SONER UÇAK YAZDI...
Korona zirve yapıyordu.
Avrupa başta olmak üzere değişik ülkeler korona mücadele ile ilgili olarak önlemler alıyor, Türkiye geçte olsa bu önlemlere ortak oldu ve bazı uygulamaları hayata geçiriyordu. Derken; AK Parti kongreleri başladı. Hani o unutulmayacak deyiş ile lebalep kongreler… Aklı başında pek çok insanın iner tutar yanı olmayan bu “lebalep”lik karşısında diyecek söz bulamaması gayet doğal değil miydi?
Unutmuyorum, Eskişehir’de yapılan kongre sonrasında Cihan Yıldırım ile birlikte masa üstünde ne diyeceğimizi bilememiştik . Yasağı koyanların, yasakları bizzat çiğnediklerine şahit olmanın saçmalatan ruh hali içerisinde atıp tutmuştuk. Eleştiren sadece bizler değildik.

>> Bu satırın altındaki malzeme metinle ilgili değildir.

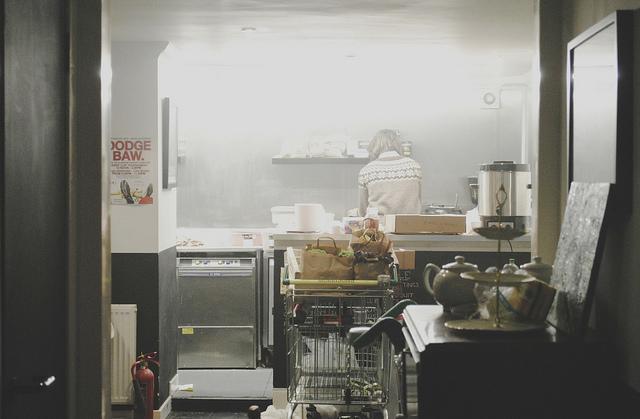How many motorcycles can be seen?
Give a very brief answer. 0.

Ucundan kıyısında insan sağlığı ile ilgili kaygı güden herkes o görüntüler sonrasında AK Parti’ye ateş püskürtmüştü.
Gel vakit git vakit, aradan bir yıl geçti geçmedi şimdi koronanın varyantları ile karşı karşıyayız.
Deltasından, Omicronuna kadar pek çok yeni kelime hayatımıza girip, hayatlardan çalmaya devam ediyor.
Avrupa yine kapanıyor Amerika’da vaka sayısı 1 milyonu yeniden aştı. Ülke evlere şenlik bir vaziyette, şehirde ilk 3 dalgada hastalıktan korunanların tamamı bu kez yakalanmaktan kaçamıyor.
Esnaf “yeniden kapanır mıyız?” korkusuna gark olmuş vaziyette.
Hal böyleyken karşımıza başka bir lebaleblik daha çıkıyor.
CHP Odunpazarı İlçe Başkanlığının düzenlediği sandık görevlileri toplantısı ile Halk Merkezleri ve meslek kurslarındaki kadınlarla yeni yıl kutlaması.
O lebaleblikten şimdilik üç kişinin ismini duyduk
Odunpazarı Belediye Başkanı Kazım Kurt, CHP İl Başkanı Recep Taşel ve CHP Odunpazarı Gençlik Kolları Başkanı Oğuzhan Demir.
Her üç isme geçmiş olsun. Umarım bu süreci en az sorun ile atlatırlar.
İşin tuhaf tarafı ise şurada yatıyor; AK parti kongrelerine en çok öfkelenen ve insan sağlığına en fazla vurgu yapan kafile bu kez kendi lebalep toplantılarında gerdan kırdı.
Zannediyorum, muhalefetin en konforlusu “dediğimi yap, yaptığımı yapma” tarzı olan.
Oysaki; şimdiye kadar yerel yönetimler zorlu sınavı çok iyi bir şekilde geçirmişlerdi.
Bu son iki etkinlik maalesef başarılı performansa gölge düşürür cinsten. Eskişehir’de halk sağlığından en az merkezi hükümet kadar sorumlu, ayrıca merkezi hükümetten daha iyisini yapabileceklerini göstermek zorunda olan tarafın, AK Parti ile aynı hatada buluşması işi daha trajik bir hale getiriyor.
Yani dünün lebalep kongreleri ile bugünün tıklım tıklım kutlaması arasında bir fark yok. Bilimi inkar eden, şovu önceleyen, insanı öteleyen siyaset tarzı toplumu çökertiyor.